The klaxon sounded. The roar of the crowd was deafening. Loud enough to drown out Oikawa's doubts. In the breeze, his hair gently flew astray like a cheeky duckling deviating from it's mama's guide. Despite being splat bang in the middle of the relay, Oikawa wisely let his eyelids close to slow down and savour this moment, all his worries fading into a content silence before the adrenaline would kick in and take over. He was never truly alone. Right now, he had the crowd. Although each individual only ran the relay for a few seconds at maximum, the crowd's gaze would be unwavering. If they wanted a show, he would give them a show. Besides, who wouldn't like this face, he thought, smirking. He was anticipating the moment when he could spot Iwaizumi and finally yell at him for being so late, leaving him so helpless and vulnerable. Then, he would fling his arms to embrace him when it was least expected. As the 38th participant, he had some valuable seconds to glance around for the brown spikes of Iwa-chan's hair. No luck. Focus, he thought.
On the edge of the track, the mayor began wildly waving his arms around like an intoxicated madman.
"Hey! Over here, this is important."
It was the cue for the cameramen - who were delivering live coverage of the Ball Relay - to zoom into the mayor's face. His face was that of an excited child as he gestured at the stupid fish, hopping about around the tank. Any reasonable person would be worried. He didn't even come close to looking sane enough to be that close to the Rainbow Mackerel.
"What do you think you're doing?" Iruka hissed. She was still by the Mayor's side and severely alarmed by his abrupt foolery.
"The surprise," he replied enthusiastically like he had explained everything. She didn't respond, simply shook her head and prayed that the Mayor would not do anything stupid, especially whilst being filmed. "Don't make that face, I'm not doing anything stupid," he assured.
"I'll call the medical team just in case."
Now facing directly at the camera, the Mayor embarked on his speech.

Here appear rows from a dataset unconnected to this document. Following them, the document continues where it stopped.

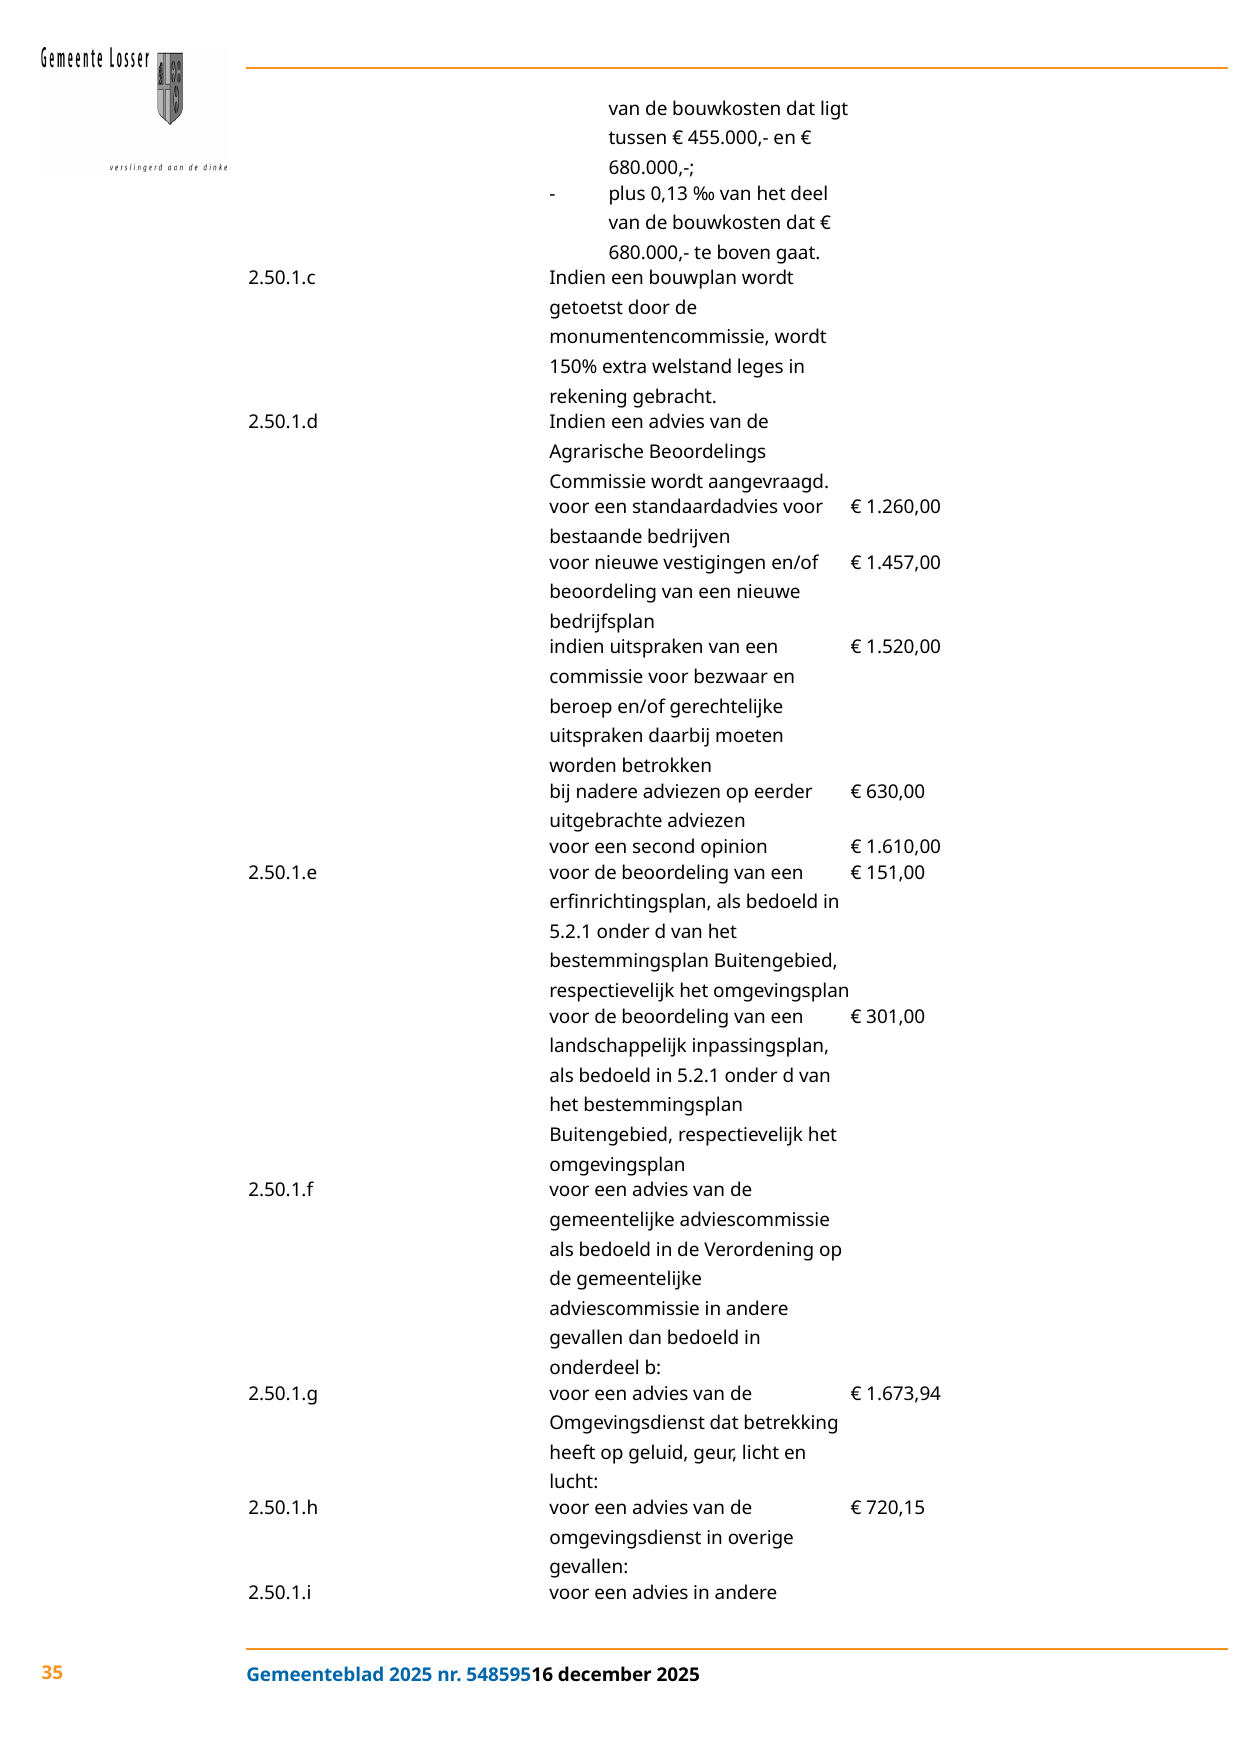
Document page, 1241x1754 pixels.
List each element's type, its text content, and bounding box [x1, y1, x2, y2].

table_cell 2.50.1.i [248, 1579, 549, 1605]
table_cell € 1.610,00 [850, 833, 1152, 859]
table_cell voor een advies van de gemeentelijke adviescommissie als bedoeld in de Verordening op de gemeentelijke adviescommissie in andere gevallen dan bedoeld in onderdeel b: [549, 1177, 850, 1380]
table_cell voor een second opinion [549, 833, 850, 859]
table_cell [248, 549, 549, 634]
table_cell [248, 180, 549, 264]
table_cell [850, 1177, 1152, 1380]
table_cell voor een advies in andere [549, 1579, 850, 1605]
table_cell [850, 1579, 1152, 1605]
table_cell plus 0,13 ‰ van het deel van de bouwkosten dat € 680.000,- te boven gaat. [549, 180, 850, 264]
table_cell van de bouwkosten dat ligt tussen € 455.000,- en € 680.000,-; [549, 95, 850, 180]
table_cell 2.50.1.h [248, 1494, 549, 1579]
table_cell [248, 494, 549, 549]
table_cell indien uitspraken van een commissie voor bezwaar en beroep en/of gerechtelijke uitspraken daarbij moeten worden betrokken [549, 634, 850, 778]
table_cell 2.50.1.d [248, 409, 549, 493]
table_cell voor een advies van de Omgevingsdienst dat betrekking heeft op geluid, geur, licht en lucht: [549, 1380, 850, 1494]
table_cell Indien een bouwplan wordt getoetst door de monumentencommissie, wordt 150% extra welstand leges in rekening gebracht. [549, 265, 850, 409]
picture [41, 47, 231, 172]
table_cell [248, 1003, 549, 1177]
table_cell voor een standaardadvies voor bestaande bedrijven [549, 494, 850, 549]
table_cell voor de beoordeling van een erfinrichtingsplan, als bedoeld in 5.2.1 onder d van het bestemmingsplan Buitengebied, respectievelijk het omgevingsplan [549, 859, 850, 1003]
table_cell € 1.673,94 [850, 1380, 1152, 1494]
table_cell [248, 833, 549, 859]
table_cell bij nadere adviezen op eerder uitgebrachte adviezen [549, 778, 850, 833]
table_cell voor een advies van de omgevingsdienst in overige gevallen: [549, 1494, 850, 1579]
table_cell 2.50.1.c [248, 265, 549, 409]
table_cell € 301,00 [850, 1003, 1152, 1177]
table_cell [850, 95, 1152, 180]
table_cell voor de beoordeling van een landschappelijk inpassingsplan, als bedoeld in 5.2.1 onder d van het bestemmingsplan Buitengebied, respectievelijk het omgevingsplan [549, 1003, 850, 1177]
table_cell [850, 265, 1152, 409]
table_cell € 151,00 [850, 859, 1152, 1003]
table_cell € 720,15 [850, 1494, 1152, 1579]
table_cell [248, 778, 549, 833]
table_cell 2.50.1.f [248, 1177, 549, 1380]
table_cell € 1.520,00 [850, 634, 1152, 778]
table_cell [850, 409, 1152, 493]
table_cell voor nieuwe vestigingen en/of beoordeling van een nieuwe bedrijfsplan [549, 549, 850, 634]
table_cell Indien een advies van de Agrarische Beoordelings Commissie wordt aangevraagd. [549, 409, 850, 493]
table_cell [850, 180, 1152, 264]
table_cell [248, 634, 549, 778]
table_cell € 630,00 [850, 778, 1152, 833]
table_cell € 1.260,00 [850, 494, 1152, 549]
table_cell 2.50.1.g [248, 1380, 549, 1494]
table_cell [248, 95, 549, 180]
table_cell € 1.457,00 [850, 549, 1152, 634]
table_cell 2.50.1.e [248, 859, 549, 1003]

"This is a historic moment for the fish kingdom. The glorious Rainbow Mackerel has evaded fishermen for several decades. It was as good as extinct for many. But I have done the impossible and found it. Let this glorious moment act as a beacon of hope that there are still more of these exotic creatures that are yet to be discovered. However, the first one to be discovered after all these years is certainly very special, if I do say so myself." He gave himself a quick pat on the shoulder. "But this day is not about me, of course, it is about the Rainbow Mackerel. Specifically about how tiring it is to keep saying Rainbow Mackarel, am I right? Seriously, my vocal chords are going to die. So, it is with great honour," he continued and glanced at Iruka, "that I present my solution for this verbose dilemma."
Throughout his speech, the Ball Relay was still in full swing.
1 minute before it happens
Adrenaline coursed through his whole body. Oikawa licked his lips hungrily as the ball came closer and closer. He eyed the black crows swooping through the blue heaven above.
Watch me.
Three seconds. Two seconds. One. The ball reached his hands, palms finding home when connected to the curve of it. He had caught the ball with ease. At last, he could carry out his elaborate plan that would have the crowd's eyeballs off to Jupiter.
He threw the ball high into the air - his spherical rocket had been launched.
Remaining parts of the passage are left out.